Reinvigorating IEEE’s connection with industry. IEEE’s rich heritage dates back to 1884 and the American Institute of Electrical Engineers (AIEE), 1912 with the Institute of Radio Engineers (IRE) and the merger of these two societies to become the IEEE in 1963. In the early days, these were the associations to belong to if you were working in industry. Over the time, that has shifted. I have already created several Ad Hoc Committees and initiatives focused on IEEE’s relationship with industry. I am pleased that work is already underway, and I look forward to the strides we can make in this area throughout 2016 and beyond.
What advice can you provide for Young Professionals aspiring to take up senior leadership roles within IEEE?

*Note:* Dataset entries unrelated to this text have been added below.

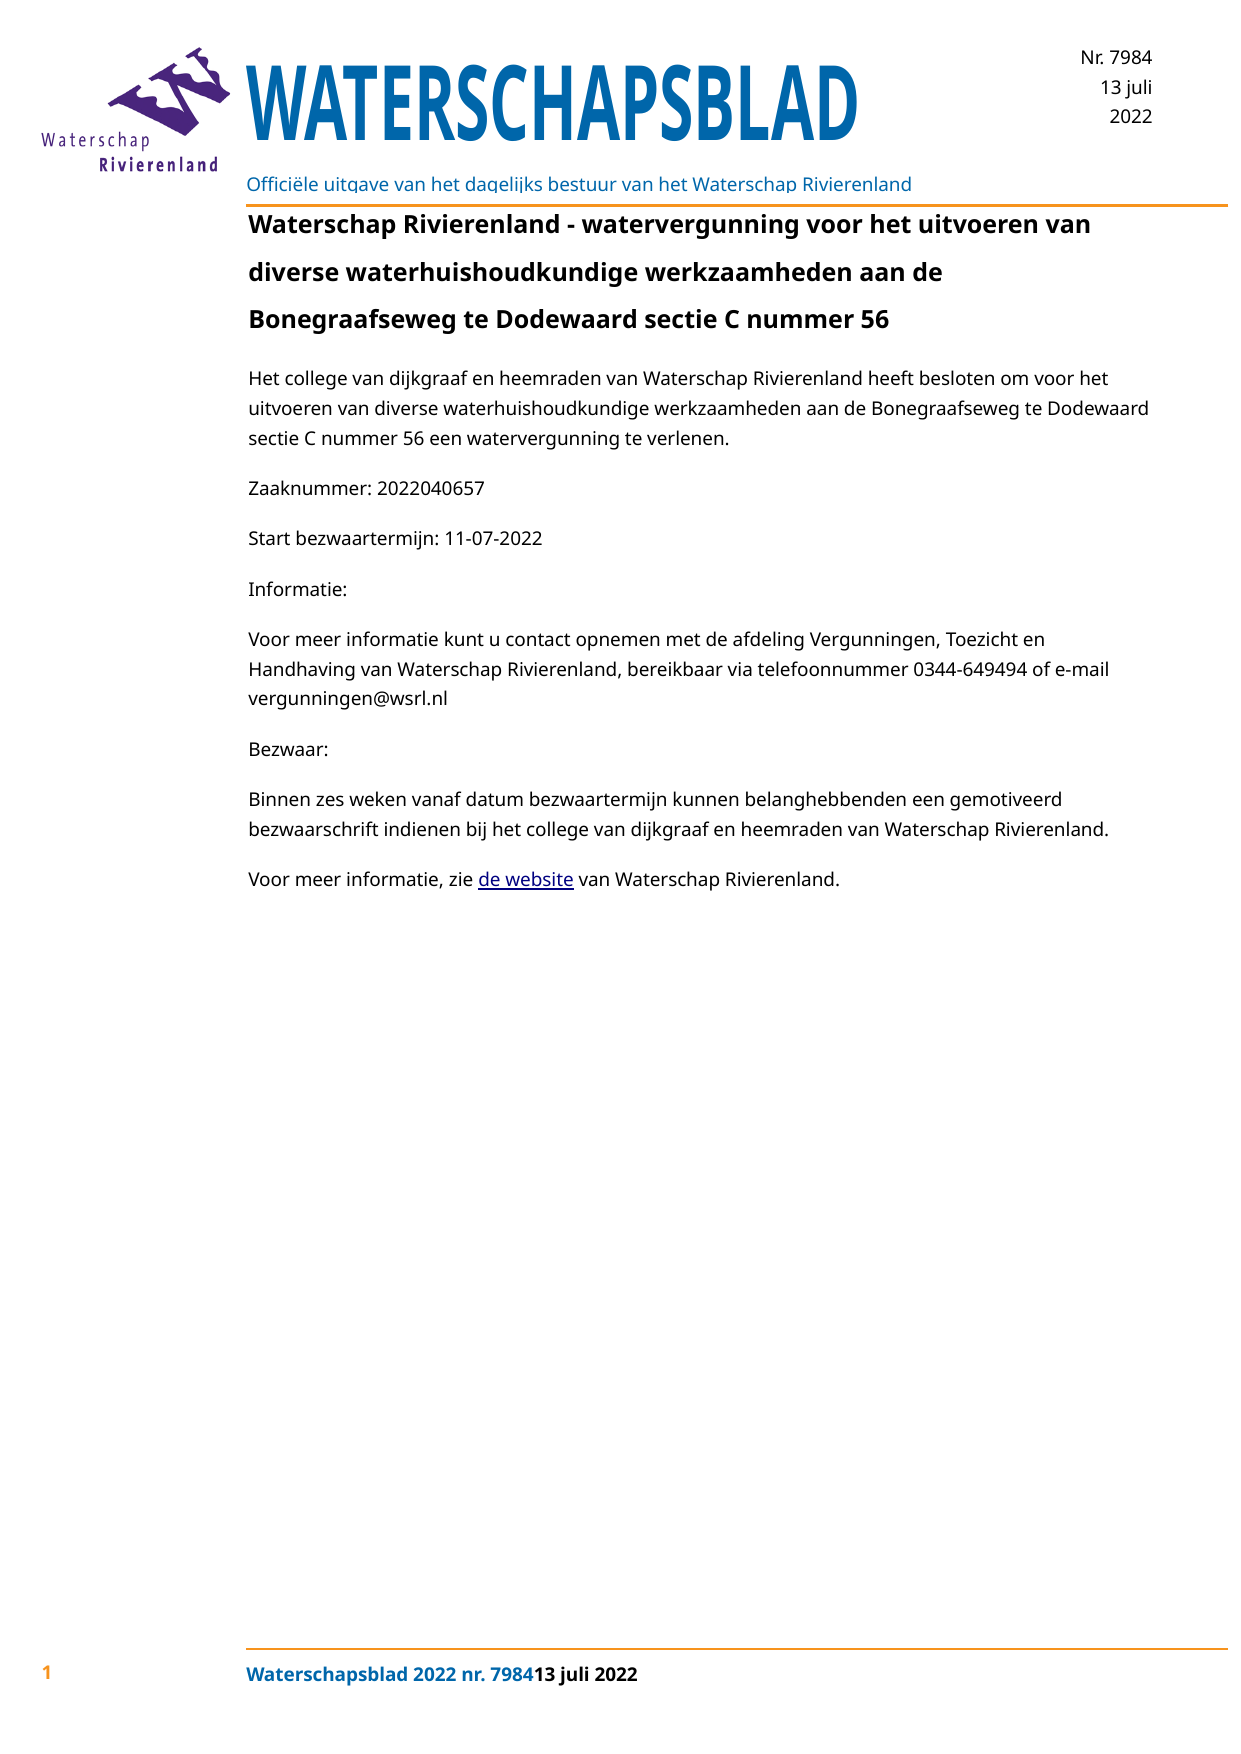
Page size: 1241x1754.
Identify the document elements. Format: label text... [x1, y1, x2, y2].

text Voor meer informatie, zie de website van Waterschap Rivierenland. [248, 866, 1152, 892]
text Waterschap Rivierenland - watervergunning voor het uitvoeren van diverse waterhuishoudkundige werkzaamheden aan de Bonegraafseweg te Dodewaard sectie C nummer 56 [248, 207, 1152, 336]
text Start bezwaartermijn: 11-07-2022 [248, 526, 1152, 551]
text Zaaknummer: 2022040657 [248, 475, 1152, 501]
text Voor meer informatie kunt u contact opnemen met de afdeling Vergunningen, Toezicht en Handhaving van Waterschap Rivierenland, bereikbaar via telefoonnummer 0344-649494 of e-mail vergunningen@wsrl.nl [248, 626, 1152, 711]
text Informatie: [248, 576, 1152, 602]
picture [41, 47, 231, 172]
text Binnen zes weken vanaf datum bezwaartermijn kunnen belanghebbenden een gemotiveerd bezwaarschrift indienen bij het college van dijkgraaf en heemraden van Waterschap Rivierenland. [248, 786, 1152, 842]
text Het college van dijkgraaf en heemraden van Waterschap Rivierenland heeft besloten om voor het uitvoeren van diverse waterhuishoudkundige werkzaamheden aan de Bonegraafseweg te Dodewaard sectie C nummer 56 een watervergunning te verlenen. [248, 366, 1152, 450]
text Bezwaar: [248, 736, 1152, 762]

Just do it! Don’t think about it or debate whether or not it’s a good idea or form a committee to study the problem. IEEE and our professions are fundamentally about community, and nothing broadens your community like taking on a leadership role. It will be personally rewarding as you lead efforts to contribute to your professional society. It will be professionally rewards because you will develop important leadership and teambuilding skills that are transferable to your ‘day job’. I would also recommend that individuals seek-out a mentor that can help you assess your strengths and passions and then guide you to the most appropriate leadership positions.
About Barry Shoop
Barry L. Shoop is Professor of Electrical Engineering and Head of the Department of Electrical Engineering and Computer Science at the U.S. Military Academy at West Point. During his 20 years at West Point he has served in a number of key leadership positions including Director of the Photonics Research Center and Director of the Electrical Engineering Program. Currently as Professor and Head he is responsible for an undergraduate academic department with over 79 faculty and staff supporting ABET accredited programs in electrical engineering, computer science, and information technology. The department engages over 1800 students each year and has 4 affiliated research centers including the Cyber Research Center, Network Science Center, Photonics Research Center and a burgeoning Robotics Program. Dr. Shoop holds 1 patent and has authored or co-authored 8 books and book chapters, and over 146 publications. He received a B.S. from the Pennsylvania State University in 1980 and Ph.D. from Stanford University in 1992, both in electrical engineering. His research interests include optical information processing, neural networks, image processing, disruptive innovations and educational pedagogy. He is a Fellow of the IEEE, OSA and SPIE, and a member of Phi Kappa Phi, Eta Kappa Nu, and Sigma Xi. He is a licensed Professional Engineer in the Commonwealth of Virginia
Interview conducted by Eddie Custovic, Editor in Chief, Impact by IEEE Young Professionals.